We seek new ways to work and to create in a new economy. We want to find meaningful relationships, teach our children and help our communities, even though the resources we use have changed. We’re all constantly writing and rewriting our own stories — stories of dreams and human potential. And those stories need new digital resources, new meeting spaces and new opportunities for relationship-building and fun.

Your new stories need a new kind of library to help you write them.

That’s why public libraries like your Central Arkansas Library System are no longer totally hushed, quiet places for reading only. Even though this month marks CALS’ 110th anniversary, at Library Square in Little Rock, there’s always a hive of activity humming around the library’s campus.

Inside Main Library, groups are using the meeting rooms not only for hundreds of free library programs, but also for crafting clubs, baby showers, business meetings, bible study groups or political gatherings of all stripes. Patrons in fitness gear walk by looking dreamy and relaxed after their free yoga or meditation classes. Others come in to get documents notarized by licensed notaries on staff, or to fax or use the internet. In the tech classrooms, in-person instructors are teaching free classes in valuable skills like MS Excel, Photoshop, web design and programming.
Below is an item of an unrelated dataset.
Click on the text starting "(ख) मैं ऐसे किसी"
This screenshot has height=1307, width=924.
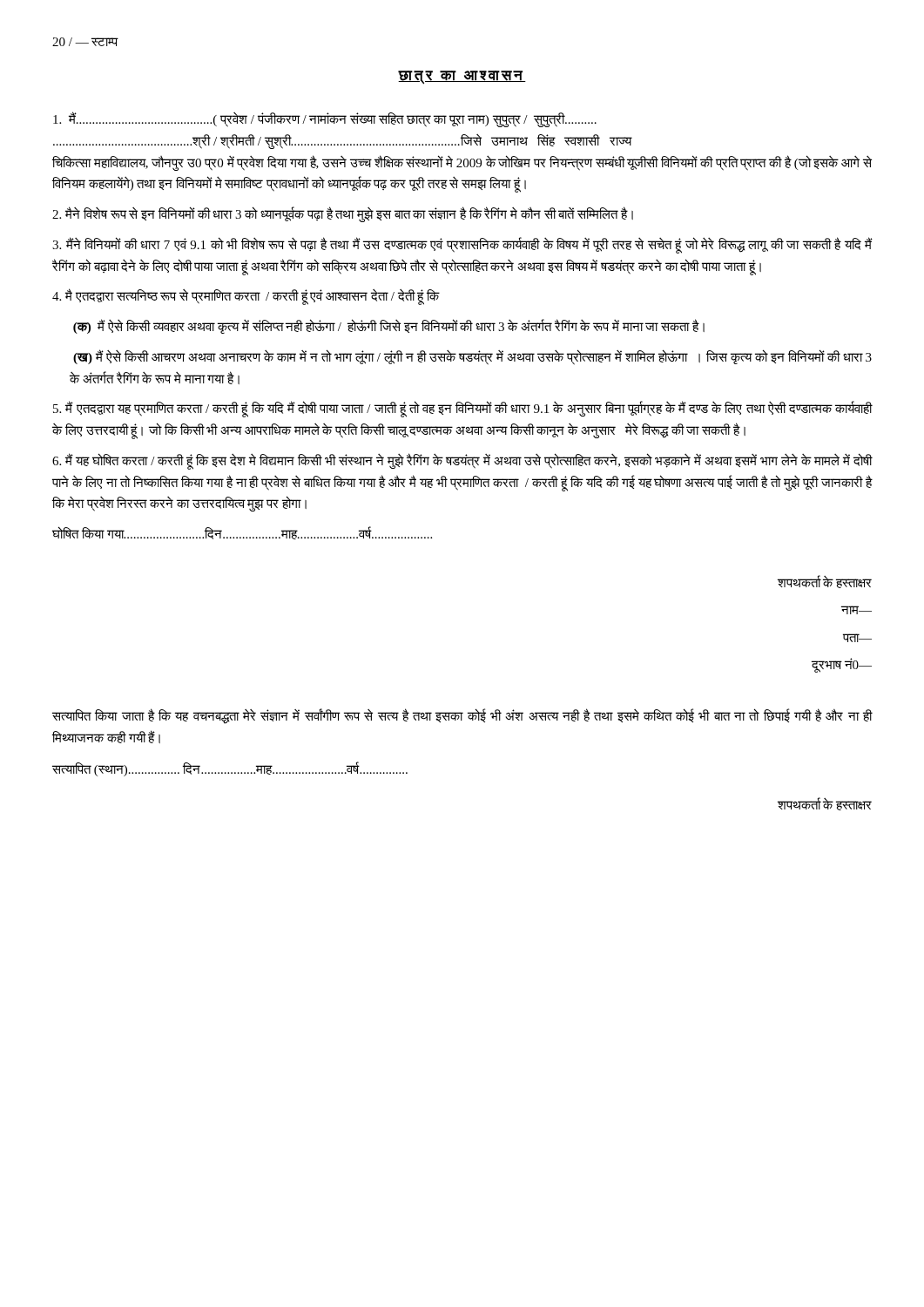click(x=471, y=368)

Crowds throng to the library’s state-of-the-art theater for movies and concerts, then socialize at our art galleries, gift shop and used bookstore. The Nexus Nook offers coffee and pastries and Jimmy’s Serious Sandwiches makes gourmet quick meals.

Credit: Central Arkansas Library System

This busy hum is going on in all 15 library branches around the system. After school and in summer, the Be Mighty program connects kids and teens with nutritious meals to prevent hunger for those at risk of food insecurity. Jammel Johnson, Library Assistant at the CALS Millie Brooks Library, enjoys the way his job allows him to help kids.

“Whether they have a need for our food programs or they just need a safe place to spend time, play games or read, we really operate like a household,” Johnson said. “We’re very family oriented.”

In 2019, the library system opened a digital studio at the CALS Williams Library to support content creation and marketing for online businesses, including a green screen, tripod, microphone and product photography table as well as computers and design software. Soon, Main Library will add even more creative workspace and resources.

CALS is listening to your stories and rewriting its role to better serve you. With a library card, you can take home an educational toy or costume for the perfect play date, a fishing pole for that weekend getaway, a telescope for backyard camping, birdwatching kits to learn about nature, musical instruments for your children or the tools you need to finish that home repair.

Come in and check out your 21st century library, rewritten, to help you today.